Masih dengan program yang sama, kelompok peneliti ini juga bisa memperkirakan asal air penyebab banjir di suatu daerah. Semua inilah –setelah dikumpulkan dan dianalisa bertahun-tahun– menjadi data dasar program sumur resapan Nana dan kelompoknya di atas.

Simulasi itu memperlihatkan betapa air permukaan yang sesungguhnya bisa menjadi penyelamat jika meresap ke dalam tanah untuk mengganti air tanah dangkal yang begitu cepat disedot. Kernyatannya air permukaan Jakarta amat cepat menggelontor sia-sia ke laut.

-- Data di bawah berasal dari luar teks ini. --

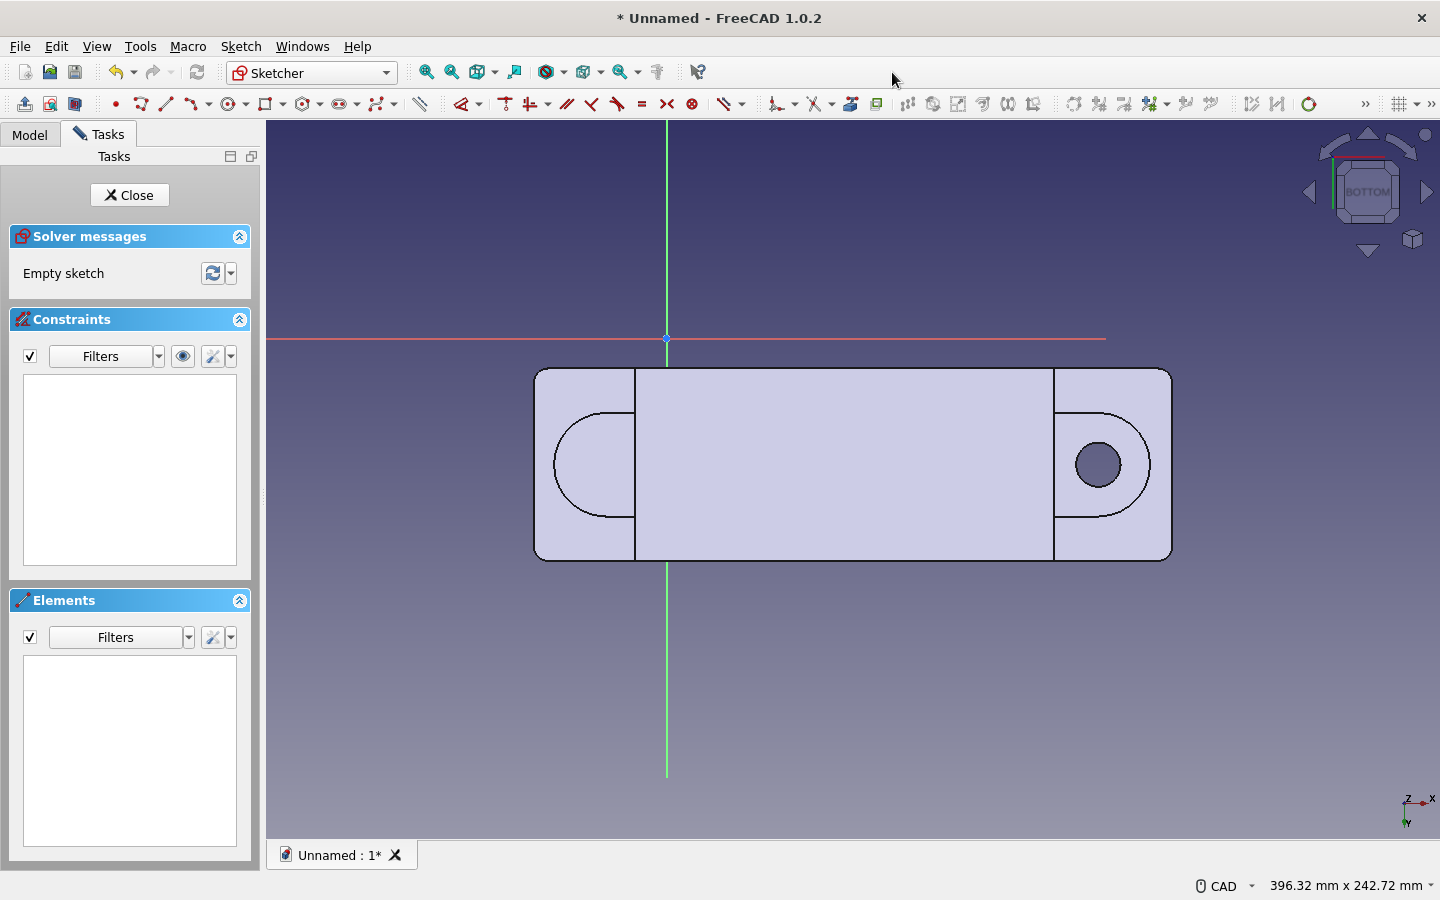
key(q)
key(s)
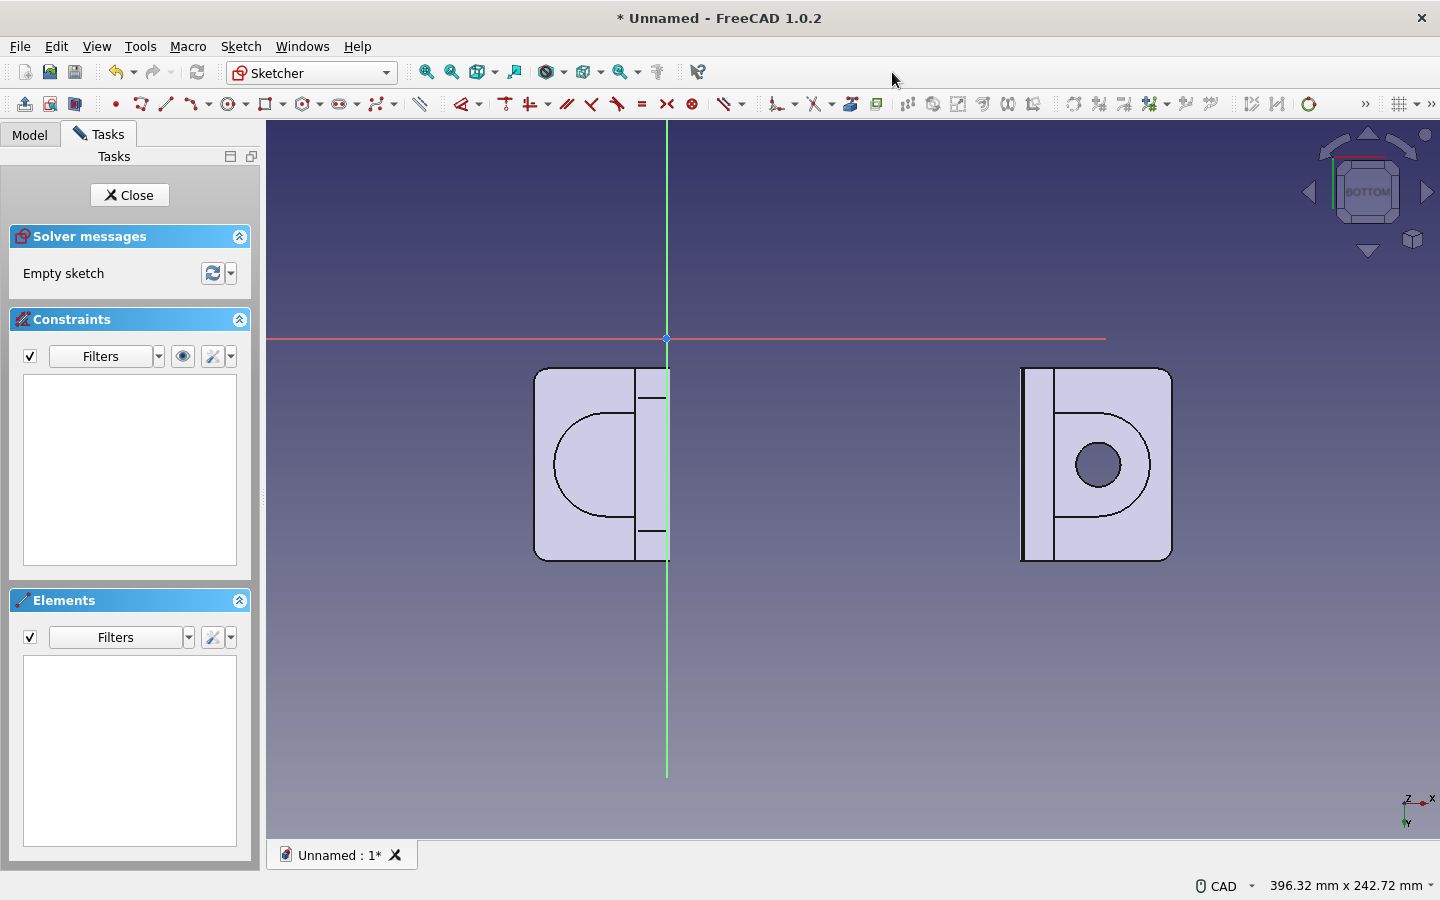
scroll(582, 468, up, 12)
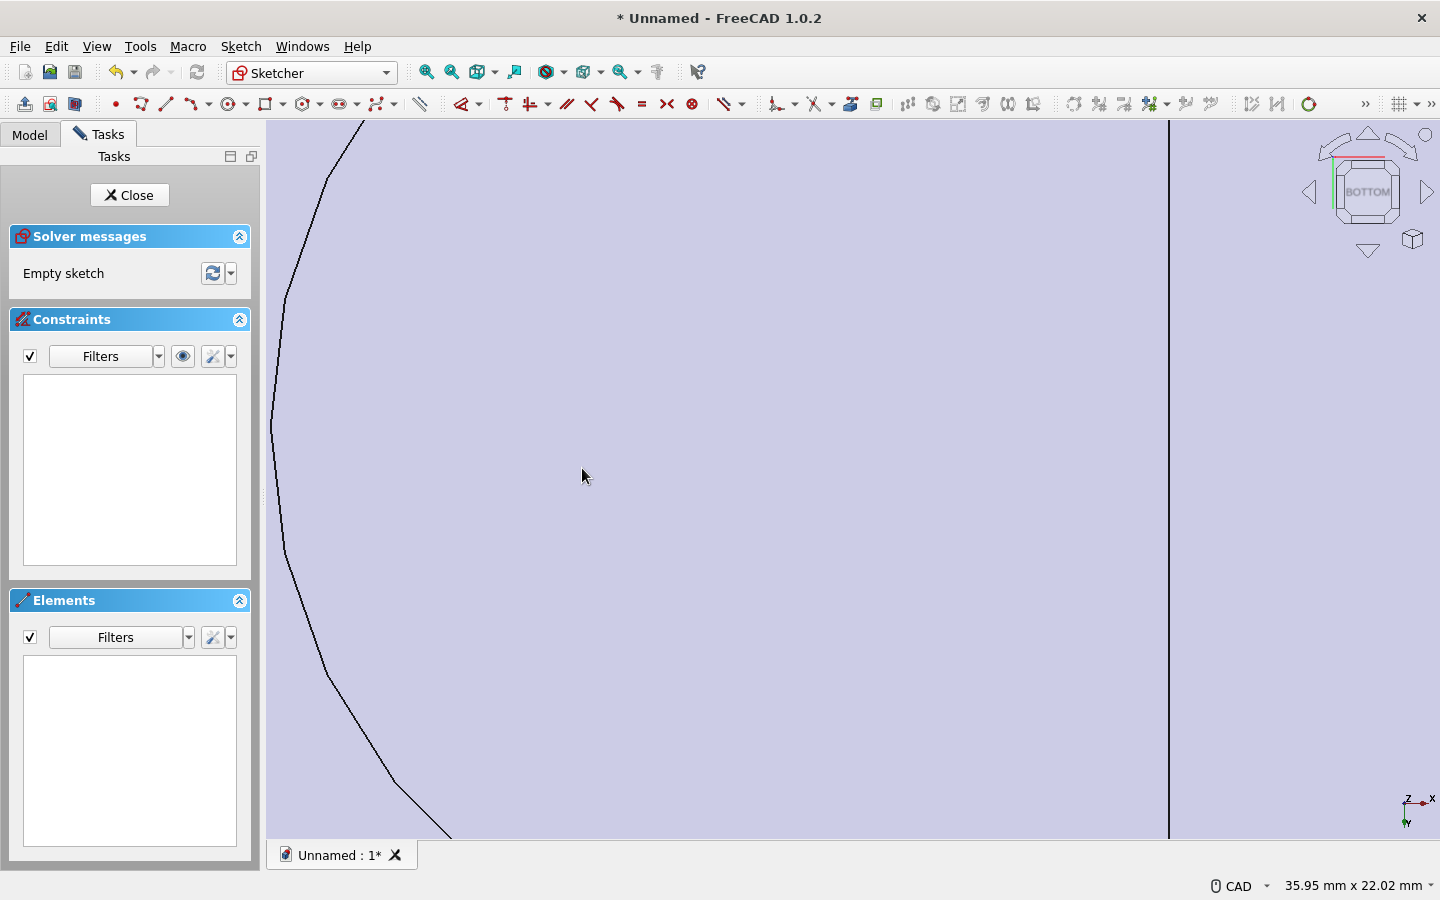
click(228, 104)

Cepatnya air permukaan terbuang membawa ke sebuah ironi. Penjelasan Robert, sang hidrogeolog ketika ia menganalisa umur air tanah dengan menggunakan isotop karbon 14, terngiang di kepala saya: “Air (tanah dalam) dari Depok dan sekitarnya akan sampai ke Jakarta sekitar 100 tahun.”

Kota yang dahaga ini menjadi begitu dungu karena terdesak oleh beban pertumbuhannya sendiri. Air permukaan yang lebih mudah dikelola tersia-sia, sementara air tanah yang begitu berharga disedot tak kenal aturan. Bila kita paham ancaman bencananya, menggali sumur –air tanah dalam– di Jakarta akan seperti menggali kubur.